The upsloping 10-day EMA ($0.258) and the RSI in the positive territory suggest that bulls have the upper hand. The next target on the upside is $0.30.

Contrary to this assumption, if the bears pull the XRP/USD pair back below $0.26, it could catch several aggressive bulls off guard who may then have to liquidate their positions in a hurry.

The ensuing panic selling could sink the pair below the 50-day SMA ($0.248) and keep it range-bound for a few more days.

TradingView

The moving averages on the 4-hour chart are sloping up and the RSI is above 59, suggesting the advantage is with the bulls.

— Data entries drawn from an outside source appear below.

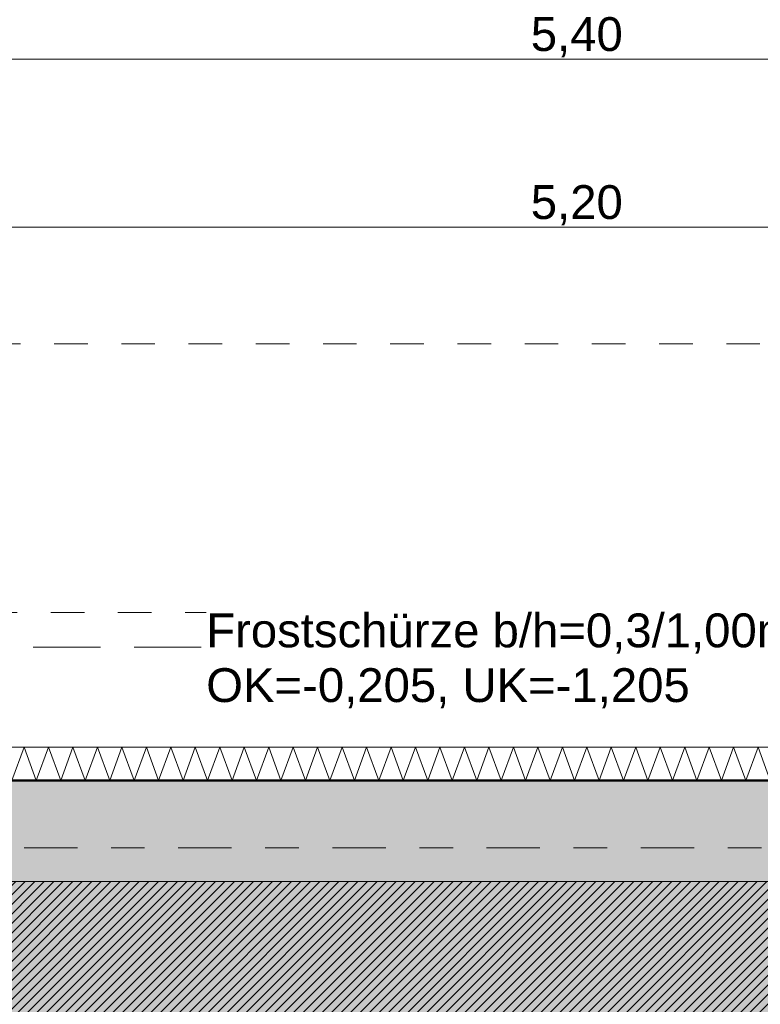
# Model space of a CAD drawing. Header units: metres. Extents: x -273 to 6, y -183 to 13.
# Tile 84 of 256: x -158.58 to -156.38, y -0.91 to 2.02. Entities that reach past the tile are written whole.
import ezdxf

# ---------------------------------------------------------------- set-up
doc = ezdxf.new("R2010")
doc.units = ezdxf.units.M
doc.header["$LTSCALE"] = 0.05
doc.header["$PDMODE"] = 1
doc.header["$PDSIZE"] = -2
for name, pattern in [('ISO-03 Gestrichelt mit Abstand-3', [1.524, 0.6096, -0.9144]), ('Linienart-53', [5.291531, 3.175, -1.058062, 0.352704, -0.705764]), ('Linienart-Gestrichelt mit Abstand', [6, 4, -2])]:
    doc.linetypes.add(name, pattern=pattern)
doc.layers.get('0').update_dxf_attribs({"lineweight": 25})
for name, color, linetype, lineweight, true_color in [('00 -Bauelemente -Dämmung innen', 7, 'Continuous', 9, 0xff7fe6), ('30 -32 Gründung-4 Frostschürze', 7, 'Continuous', 9, 0x66aaff), ('70 -72 Beschriftung- 1 Beschriftung allgemein', 7, 'Continuous', 9, 0xff6633), ('70 -76 Bemaßung- 2 Allgemein', 7, 'Continuous', 5, 0x6666cc)]:
    doc.layers.add(name, color=color, linetype=linetype, lineweight=lineweight, true_color=true_color)
for name, color, linetype, lineweight in [('30 -35 Decken- 2 Beläge- Dämmung', 7, 'Continuous', 9), ('70 -71 Achsen- 1 Gebäudeachsen', 7, 'Linienart-53', 18), ('Keine', 7, 'Continuous', 9)]:
    doc.layers.add(name, color=color, linetype=linetype, lineweight=lineweight)
doc.styles.add('Arial', font='arial.ttf')
doc.dimstyles.new('k+k_klein', dxfattribs={"dimtxt": 0.100689, "dimasz": 0.05302, "dimexe": 0.05, "dimexo": 0.15, "dimgap": 0.005, "dimtad": 1, "dimdec": 3, "dimtxsty": 'Arial', "dimblk": 'VW_SLASH-2', "dimblk1": 'VW_SLASH-2', "dimblk2": 'VW_SLASH-2', "dimcen": 0, "dimdle": 0.025, "dimadec": 3, "dimazin": 0, "dimtfac": 0.75, "dimtdec": 3, "dimtix": 1, "dimtmove": 0, "dimatfit": 0, "dimldrblk": 'VW_FILLEDARROW', "dimfxl": 0.1, "dimfxlon": 1, "dimfrac": 2, "dimtolj": 1, "dimarcsym": 0})

# ---------------------------------------------------------------- blocks, each defined once
blk = doc.blocks.new('_Achsen (3D)')
at = {"layer": '70 -71 Achsen- 1 Gebäudeachsen', "transparency": 33554687}
blk.add_line((-179.668, -0.447), (3.826, -0.447), dxfattribs=at)
blk = doc.blocks.new('Gruppe-124')
at = {"color": 255, "linetype": 'Continuous', "lineweight": 5}
blk.add_wipeout([(-159.621, -0.247), (-154.221, -0.247), (-154.221, -0.147), (-159.621, -0.147)], dxfattribs=at).dxf.layer = '00 -Bauelemente -Dämmung innen'
blk = doc.blocks.new('Gruppe-125')
at = {"layer": '00 -Bauelemente -Dämmung innen', "color": 7, "transparency": 33554687, "flags": 128}
blk.add_lwpolyline([(-158.6019, -0.247), (-158.5655, -0.147), (-158.5291, -0.247), (-158.4927, -0.147), (-158.4563, -0.247), (-158.4199, -0.147), (-158.3835, -0.247), (-158.3471, -0.147), (-158.3107, -0.247), (-158.2743, -0.147), (-158.2379, -0.247), (-158.2015, -0.147), (-158.1651, -0.247), (-158.1287, -0.147), (-158.0923, -0.247), (-158.0559, -0.147), (-158.0195, -0.247), (-157.9831, -0.147), (-157.9467, -0.247), (-157.9103, -0.147), (-157.8739, -0.247), (-157.8375, -0.147), (-157.8011, -0.247), (-157.7648, -0.147), (-157.7284, -0.247), (-157.692, -0.147), (-157.6556, -0.247), (-157.6192, -0.147), (-157.5828, -0.247), (-157.5464, -0.147), (-157.51, -0.247), (-157.4736, -0.147), (-157.4372, -0.247), (-157.4008, -0.147), (-157.3644, -0.247), (-157.328, -0.147), (-157.2916, -0.247), (-157.2552, -0.147), (-157.2188, -0.247), (-157.1824, -0.147), (-157.146, -0.247), (-157.1096, -0.147), (-157.0732, -0.247), (-157.0368, -0.147), (-157.0004, -0.247), (-156.964, -0.147), (-156.9276, -0.247), (-156.8912, -0.147), (-156.8548, -0.247), (-156.8184, -0.147), (-156.782, -0.247), (-156.7456, -0.147), (-156.7092, -0.247), (-156.6728, -0.147), (-156.6364, -0.247), (-156.6, -0.147), (-156.5636, -0.247), (-156.5273, -0.147), (-156.4909, -0.247), (-156.4545, -0.147), (-156.4181, -0.247), (-156.3817, -0.147), (-156.3453, -0.247)], dxfattribs=at)
blk = doc.blocks.new('Gruppe-129')
at = {"layer": '00 -Bauelemente -Dämmung innen', "color": 7, "linetype": 'Continuous', "lineweight": 9, "transparency": 33554687}
blk.add_line((-154.221, -0.147), (-159.621, -0.147), dxfattribs=at)
blk = doc.blocks.new('Gruppe-130')
at = {"layer": '00 -Bauelemente -Dämmung innen', "color": 7, "linetype": 'Continuous', "lineweight": 9, "transparency": 33554687}
blk.add_line((-159.621, -0.247), (-154.221, -0.247), dxfattribs=at)
blk = doc.blocks.new('Gruppe-131')
at = {"color": 7, "transparency": 33554687}
for name in ['Gruppe-129', 'Gruppe-130']:
    blk.add_blockref(name, (0, 0), dxfattribs=at)
blk = doc.blocks.new('Gruppe-132')
at = {"layer": '00 -Bauelemente -Dämmung innen', "color": 7}
blk.add_blockref('Gruppe-124', (0, 0), dxfattribs=at)
at = {"color": 7, "transparency": 33554687}
blk.add_blockref('Gruppe-131', (0, 0), dxfattribs=at)
at = {"layer": '00 -Bauelemente -Dämmung innen', "color": 7, "transparency": 33554687}
blk.add_blockref('Gruppe-125', (0, 0), dxfattribs=at)
blk = doc.blocks.new('Gruppe-133')
at = {"layer": '00 -Bauelemente -Dämmung innen', "color": 7, "transparency": 33554687}
blk.add_blockref('Gruppe-132', (0, 0), dxfattribs=at)
at = {"layer": '00 -Bauelemente -Dämmung innen', "color": 0, "flags": 1}
for tag in ['prm0_value', 'prm1_value', 'prm2_value', 'prm3_value', 'prm4_value', 'prm5_value', 'prm6_value', 'IFC_UUID', 'instanceID', 'prm0_name', 'prm0_type', 'prm1_name', 'prm1_type', 'prm2_name', 'prm2_type', 'prm3_name', 'prm3_type', 'prm4_name', 'prm4_type', 'prm5_name', 'prm5_type', 'prm6_name', 'prm6_type']:
    blk.add_attdef(tag, (-159.621, -0.247), '', height=0.00018, dxfattribs=at)
blk = doc.blocks.new('Gruppe-2490')
at = {"layer": 'Keine', "color": 7, "linetype": 'ISO-03 Gestrichelt mit Abstand-3', "lineweight": 9, "flags": 128}
blk.add_lwpolyline([(-159.876, 1.053), (-142.131, 1.053), (-142.131, 0.253), (-159.876, 0.253)], close=True, dxfattribs=at)
blk.add_lwpolyline([(-159.876, 1.053), (-142.131, 1.053), (-142.131, 0.253), (-159.876, 0.253)], close=True, dxfattribs=at)
blk = doc.blocks.new('_FU_2D LP5 (2D)')
at = {"layer": '30 -35 Decken- 2 Beläge- Dämmung', "linetype": 'Continuous', "lineweight": 18, "true_color": 0xd9d9d9}
h = blk.add_hatch(dxfattribs=at)
h.set_pattern_fill('Schraffur grau', color=254, style=0, pattern_type=2)
h.set_pattern_definition([(45, (-131.188402, -6.746944), (0.014142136, -0.014142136), [])])
h.paths.add_polyline_path([(-149.17086327, -2.24704198), (-150.87086327, -2.24704198), (-150.87086327, -0.54704198), (-151.02099996, -0.54704198), (-151.02099996, -2.89011624), (-154.22099996, -2.89011624), (-154.22099996, -0.54704198), (-159.62099996, -0.54704198), (-159.62099996, -5.54704198), (-119.72099996, -5.54704198), (-119.72099996, -10.21204198), (-100.02099996, -10.21204198), (-100.02099996, -7.44704198), (-101.74599996, -7.44704198), (-101.74599996, -5.21204198), (-114.72099996, -5.21204198), (-114.72099996, -2.89009828), (-116.22099996, -2.89009828), (-116.22099996, -0.54704198), (-120.62099996, -0.54704198), (-120.62099996, -2.89010187), (-123.82099996, -2.89010187), (-123.82099996, -0.54704198), (-128.22099996, -0.54704198), (-128.22099996, -2.89010187), (-131.42099996, -2.89010187), (-131.42099996, -0.54704198), (-135.82099996, -0.54704198), (-135.82099996, -2.89010187), (-139.02099996, -2.89010187), (-139.02099996, -0.54704198), (-143.42099996, -0.54704198), (-143.42099996, -2.89011265), (-146.62099996, -2.89011265), (-146.62099996, -0.54704198), (-149.17086327, -0.54704198)])
h.paths.add_polyline_path([(-105.92099996, -8.27204198), (-108.12099996, -8.27204198), (-108.12099996, -6.07204198), (-105.92099996, -6.07204198)])
h.paths.add_polyline_path([(-113.52099996, -8.27204198), (-115.72099996, -8.27204198), (-115.72099996, -6.07204198), (-113.52099996, -6.07204198)])
at = {"layer": 'Keine', "linetype": 'Continuous', "lineweight": 0, "transparency": 33554511}
h = blk.add_hatch(color=43, dxfattribs=at)
h.paths.add_polyline_path([(-131.42099996, -0.54704198), (-135.82099996, -0.54704198), (-135.82099996, -2.89010187), (-139.02099996, -2.89010187), (-139.02099996, -0.54704198), (-143.42099996, -0.54704198), (-143.42099996, -2.89011265), (-146.62099996, -2.89011265), (-146.62099996, -0.54704198), (-149.17086327, -0.54704198), (-149.17086327, -2.24704198), (-151.02099996, -2.24704198), (-151.02099996, -2.89011624), (-154.22099996, -2.89011624), (-154.22099996, -0.54704198), (-159.62099996, -0.54704198), (-159.62099996, -9.29704198), (-161.89599996, -9.29704198), (-161.89599996, -8.97204198), (-164.29599996, -8.97204198), (-164.29599996, -8.89704198), (-167.04599996, -8.89704198), (-167.04599996, -9.47204198), (-168.59599996, -9.47204198), (-168.59599996, -8.79704198), (-174.32099996, -8.79704198), (-174.32099996, -9.79704198), (-175.32099996, -9.79704198), (-175.32099996, -11.09704198), (-160.82099996, -11.09704198), (-160.82099996, -10.94704198), (-100.02099996, -10.94704198), (-100.02099996, -7.44704198), (-101.74599996, -7.44704198), (-101.74599996, -5.21204198), (-114.72099996, -5.21204198), (-114.72099996, -2.89009828), (-116.22099996, -2.89009828), (-116.22099996, -0.54704198), (-120.62099996, -0.54704198), (-120.62099996, -2.89010187), (-123.82099996, -2.89010187), (-123.82099996, -0.54704198), (-128.22099996, -0.54704198), (-128.22099996, -2.89010187), (-131.42099996, -2.89010187)])
h.paths.add_polyline_path([(-153.72099996, -6.07204198), (-151.52099996, -6.07204198), (-151.52099996, -8.27204198), (-153.72099996, -8.27204198)])
h.paths.add_polyline_path([(-143.92099996, -8.27204198), (-146.12099996, -8.27204198), (-146.12099996, -6.07204198), (-143.92099996, -6.07204198)])
h.paths.add_polyline_path([(-128.72099996, -8.27204198), (-130.92099996, -8.27204198), (-130.92099996, -6.07204198), (-128.72099996, -6.07204198)])
h.paths.add_polyline_path([(-113.52099996, -8.27204198), (-115.72099996, -8.27204198), (-115.72099996, -6.07204198), (-113.52099996, -6.07204198)])
h.paths.add_polyline_path([(-108.12099996, -6.07204198), (-105.92099996, -6.07204198), (-105.92099996, -8.27204198), (-108.12099996, -8.27204198)])
h.paths.add_polyline_path([(-123.32099996, -6.07204198), (-121.12099996, -6.07204198), (-121.12099996, -8.27204198), (-123.32099996, -8.27204198)])
h.paths.add_polyline_path([(-138.52099996, -6.07204198), (-136.32099996, -6.07204198), (-136.32099996, -8.27204198), (-138.52099996, -8.27204198)])
at = {"layer": '30 -35 Decken- 2 Beläge- Dämmung', "flags": 128}
blk.add_lwpolyline([(-131.42099996, -0.54704198), (-135.82099996, -0.54704198), (-135.82099996, -2.89010187), (-139.02099996, -2.89010187), (-139.02099996, -0.54704198), (-143.42099996, -0.54704198), (-143.42099996, -2.89011265), (-146.62099996, -2.89011265), (-146.62099996, -0.54704198), (-149.17086327, -0.54704198), (-149.17086327, -2.24704198), (-150.87086327, -2.24704198), (-150.87086327, -0.54704198), (-151.02099996, -0.54704198), (-151.02099996, -2.89011624), (-154.22099996, -2.89011624), (-154.22099996, -0.54704198), (-159.62099996, -0.54704198), (-159.62099996, -5.54704198), (-119.72099996, -5.54704198)], dxfattribs=at)
at = {"layer": 'Keine', "flags": 128}
blk.add_lwpolyline([(-154.22099996, -0.54704198), (-159.62099996, -0.54704198), (-159.62099996, -9.29704198), (-161.89599996, -9.29704198), (-161.89599996, -8.97204198), (-164.29599996, -8.97204198), (-164.29599996, -8.89704198), (-167.04599996, -8.89704198), (-167.04599996, -9.47204198), (-168.59599996, -9.47204198), (-168.59599996, -8.79704198), (-174.32099996, -8.79704198), (-174.32099996, -9.79704198), (-175.32099996, -9.79704198), (-175.32099996, -11.09704198), (-160.82099996, -11.09704198), (-160.82099996, -10.94704198), (-100.02099996, -10.94704198)], dxfattribs=at)
at = {"layer": '00 -Bauelemente -Dämmung innen', "color": 7}
blk.add_blockref('Gruppe-133', (0, 0), dxfattribs=at)
at = {"layer": '30 -32 Gründung-4 Frostschürze', "linetype": 'Continuous', "lineweight": 0, "transparency": 33554534}
blk.add_hatch(color=161, dxfattribs=at).paths.add_polyline_path([(-159.62099996, -0.24704198), (-154.22099996, -0.24704198), (-154.22099996, -0.54704198), (-159.62099996, -0.54704198)])
at = {"layer": '30 -32 Gründung-4 Frostschürze', "flags": 128}
blk.add_lwpolyline([(-159.62099996, -0.24704198), (-154.22099996, -0.24704198), (-154.22099996, -0.54704198), (-159.62099996, -0.54704198)], close=True, dxfattribs=at)
at = {"layer": 'Keine', "color": 1, "linetype": 'Linienart-Gestrichelt mit Abstand', "lineweight": 9, "true_color": 0xff0000, "flags": 128}
blk.add_lwpolyline([(6.03999377, -134.70913897), (4.10766281, -139.37286792), (2.43021044, -143.26963359), (0.229042, -148.18933714), (-1.94395765, -152.85045285), (-2.56993827, -154.15978267), (-4.36668217, -157.84024419, -0.1218666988), (-4.98756345, -158.57331042), (-24.20773646, -172.45584859, 0.2343426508), (-30.81423496, -181.88107792), (-30.81423496, -181.88107792, -0.1382747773), (-50.04185585, -181.32068598), (-50.04185585, -181.32068598), (-63.53399243, -176.93721776), (-98.52806435, -165.50668377), (-148.4236418, -149.2972654), (-209.68205216, -128.62056047), (-249.49758002, -116.74073979), (-271.8563458, -111.07977166), (-272.63374696, -110.30237051), (-272.63374694, -44.20319881), (-268.39909651, 0.15100107), (-267.46628238, 0.15012673), (-197.75478142, 0.14986172), (5.97600004, 0.14995802), (6.00607638, -63.16005056)], format="xyb", close=True, dxfattribs=at)
at = {"layer": '70 -72 Beschriftung- 1 Beschriftung allgemein', "color": 7}
blk.add_blockref('Gruppe-2490', (0, 0), dxfattribs=at)
at = {"layer": '70 -72 Beschriftung- 1 Beschriftung allgemein', "color": 103, "lineweight": 50, "true_color": 0x66cc7f, "flags": 128}
blk.add_lwpolyline([(-154.22099996, -0.24704198), (-159.62099996, -0.24704198), (-159.62099996, 0.10987974), (-160.82099996, 0.10987974), (-160.82099996, -0.24704198), (-166.82099996, -0.24704198), (-166.82099996, 0.10987639), (-168.82099996, 0.10987639), (-168.82099996, -4.15204198), (-168.02099996, -4.15204198), (-168.02099996, -7.92204198), (-168.59599996, -7.92204198), (-168.59599996, -8.49704198), (-174.32099996, -8.49704198), (-174.32099996, -7.59704198), (-176.52099996, -7.59704198), (-176.52099996, -9.79704198), (-175.62099996, -9.79704198), (-175.62099996, -11.09704198), (-176.02099996, -11.09704198), (-176.02099996, -12.29704198)], dxfattribs=at)
blk = doc.blocks.new('Gruppe-2736')
at = {"color": 255}
blk.add_wipeout([(-158.0235, -0.047), (-155.7185, -0.047), (-155.7185, 0.2775), (-158.0235, 0.2775)], dxfattribs=at).dxf.layer = '70 -72 Beschriftung- 1 Beschriftung allgemein'
at = {"layer": '70 -72 Beschriftung- 1 Beschriftung allgemein', "insert": (-158.0235, 0.2505), "char_height": 0.100689, "attachment_point": 1, "line_spacing_factor": 0.970891, "style": 'Arial'}
blk.add_mtext('Frostschürze b/h=0,3/1,00m bewehrt\\POK=-0,205, UK=-1,205', dxfattribs=at)
blk = doc.blocks.new('VW_SLASH-2')
at = {"color": 0, "linetype": 'ByBlock', "lineweight": -2, "transparency": 16777216}
blk.add_line((0.472, 0), (-1, 0), dxfattribs=at)
at = {"color": 0, "lineweight": 5, "transparency": 16777216, "flags": 128}
blk.add_lwpolyline([(0.5, 0.5), (-0.5, -0.5)], dxfattribs=at)
blk = doc.blocks.new('*D2973')
at = {"layer": '70 -76 Bemaßung- 2 Allgemein', "color": 0, "lineweight": -2}
for p, q in [((-159.621, 1.8), (-159.621, 1.95)), ((-154.221, 1.8), (-154.221, 1.95)), ((-154.274, 1.9), (-159.568, 1.9))]:
    blk.add_line(p, q, dxfattribs=at)
at = {"layer": 'Defpoints', "color": 0}
for p in [(-159.621, 1.9), (-159.621, 0.153), (-154.221, 0.1099)]:
    blk.add_point(p, dxfattribs=at)
at = {"layer": '70 -76 Bemaßung- 2 Allgemein', "color": 0, "lineweight": -2, "xscale": 0.05302001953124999, "yscale": 0.05302001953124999, "zscale": 0.05302001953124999, "rotation": 180}
blk.add_blockref('VW_SLASH-2', (-159.621, 1.9), dxfattribs=at)
at = {"layer": '70 -76 Bemaßung- 2 Allgemein', "color": 0, "lineweight": -2, "xscale": 0.05302001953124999, "yscale": 0.05302001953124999, "zscale": 0.05302001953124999}
blk.add_blockref('VW_SLASH-2', (-154.221, 1.9), dxfattribs=at)
at = {"layer": '70 -76 Bemaßung- 2 Allgemein', "color": 0, "insert": (-156.921, 1.9654), "char_height": 0.10069, "attachment_point": 5, "style": 'Arial'}
blk.add_mtext('\\A1;5,40', dxfattribs=at)
blk = doc.blocks.new('VW_FILLEDARROW')
at = {"linetype": 'Continuous', "lineweight": 0, "transparency": 16777216}
blk.add_hatch(color=0, dxfattribs=at).paths.add_polyline_path([(-2.829, 0.758), (0, 0), (-2.829, -0.758)])
at = {"color": 0, "lineweight": 5, "transparency": 16777216, "flags": 128}
blk.add_lwpolyline([(-2.829, 0.758), (0, 0), (-2.829, -0.758)], close=True, dxfattribs=at)
blk = doc.blocks.new('*D3216')
at = {"layer": '70 -76 Bemaßung- 2 Allgemein', "color": 0, "lineweight": -2}
for p, q in [((-159.521, 1.3), (-159.521, 1.45)), ((-154.321, 1.3), (-154.321, 1.45)), ((-154.374, 1.4), (-159.468, 1.4))]:
    blk.add_line(p, q, dxfattribs=at)
at = {"layer": 'Defpoints', "color": 0}
for p in [(-159.521, 1.4), (-159.521, 0.1499), (-154.321, 0.1499)]:
    blk.add_point(p, dxfattribs=at)
at = {"layer": '70 -76 Bemaßung- 2 Allgemein', "color": 0, "lineweight": -2, "xscale": 0.05302001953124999, "yscale": 0.05302001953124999, "zscale": 0.05302001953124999}
for p, rotation in [((-159.521, 1.4), 180), ((-154.321, 1.4), 360)]:
    blk.add_blockref('VW_SLASH-2', p, dxfattribs=dict(at, rotation=rotation))
at = {"layer": '70 -76 Bemaßung- 2 Allgemein', "color": 0, "insert": (-156.921, 1.4654), "char_height": 0.10069, "attachment_point": 5, "style": 'Arial'}
blk.add_mtext('\\A1;5,20', dxfattribs=at)
blk = doc.blocks.new('Gruppe-2789')
at = {"layer": '70 -76 Bemaßung- 2 Allgemein'}
dim = blk.add_linear_dim(base=(-159.62099996, 1.89995802), p1=(-154.22099996, 0.10988376), p2=(-159.62099996, 0.15295802), text='5,40', dimstyle='k+k_klein', override={"dimtxt": 0.100689, "dimgap": 0.005, "dimdec": 8, "dimpost": '<>', "dimtxsty": 'Arial', "dimtmove": 2}, dxfattribs=at)
dim.commit()
dim.dimension.update_dxf_attribs({"geometry": '*D2973', "text_midpoint": (-156.92099996, 1.96542156)})
blk = doc.blocks.new('Gruppe-2794')
at = {"layer": '70 -76 Bemaßung- 2 Allgemein'}
dim = blk.add_linear_dim(base=(-159.52099996, 1.39995802), p1=(-154.32099996, 0.14988376), p2=(-159.52099996, 0.14987974), text='5,20', dimstyle='k+k_klein', override={"dimtxt": 0.100689, "dimgap": 0.005, "dimdec": 8, "dimpost": '<>', "dimtxsty": 'Arial', "dimtmove": 2}, dxfattribs=at)
dim.commit()
dim.dimension.update_dxf_attribs({"geometry": '*D3216', "text_midpoint": (-156.92099996, 1.46542156)})
blk = doc.blocks.new('_FU_2D Bemaßung_ Beschriftung (3D)')
at = {"layer": '70 -72 Beschriftung- 1 Beschriftung allgemein', "color": 7}
blk.add_blockref('Gruppe-2736', (0, 0), dxfattribs=at)
at = {"layer": '70 -76 Bemaßung- 2 Allgemein'}
for name in ['Gruppe-2789', 'Gruppe-2794']:
    blk.add_blockref(name, (0, 0), dxfattribs=at)

msp = doc.modelspace()

# ---------------------------------------------------------------- block references
at = {"layer": 'Keine', "color": 1}
msp.add_blockref('_Achsen (3D)', (0, 0), dxfattribs=at)

# ---------------------------------------------------------------- next in the draw order: block references
msp.add_blockref('_FU_2D LP5 (2D)', (0, 0), dxfattribs=at)

# ---------------------------------------------------------------- next in the draw order: block references
msp.add_blockref('_FU_2D Bemaßung_ Beschriftung (3D)', (0, 0), dxfattribs=at)

doc.saveas('drawing.dxf')

If the pair rebounds off the current levels, it will indicate that the bulls are buying on dips to the 10-EMA, which shows that the sentiment has turned bullish.

Contrary to this assumption, if the bears sink the price below the 10-EMA, a retest of $0.26 will be on the cards. If the price breaks and sustains below this support, it will suggest that bears have made a comeback.

Monero (XMR) had been in a correction since topping out on Oct. 26. The bulls pushed the altcoin above the downtrend line on Nov. 10 and are currently attempting to propel the price above the $118.10 to $120.7773 resistance zone.

TradingView

If they succeed, the XMR/USD pair could move up to $128 and if this level is also scaled, the rally may extend to $139.2885. The 10-day EMA ($115) has flattened out and the RSI is just below the midpoint, which suggests that the selling pressure has reduced.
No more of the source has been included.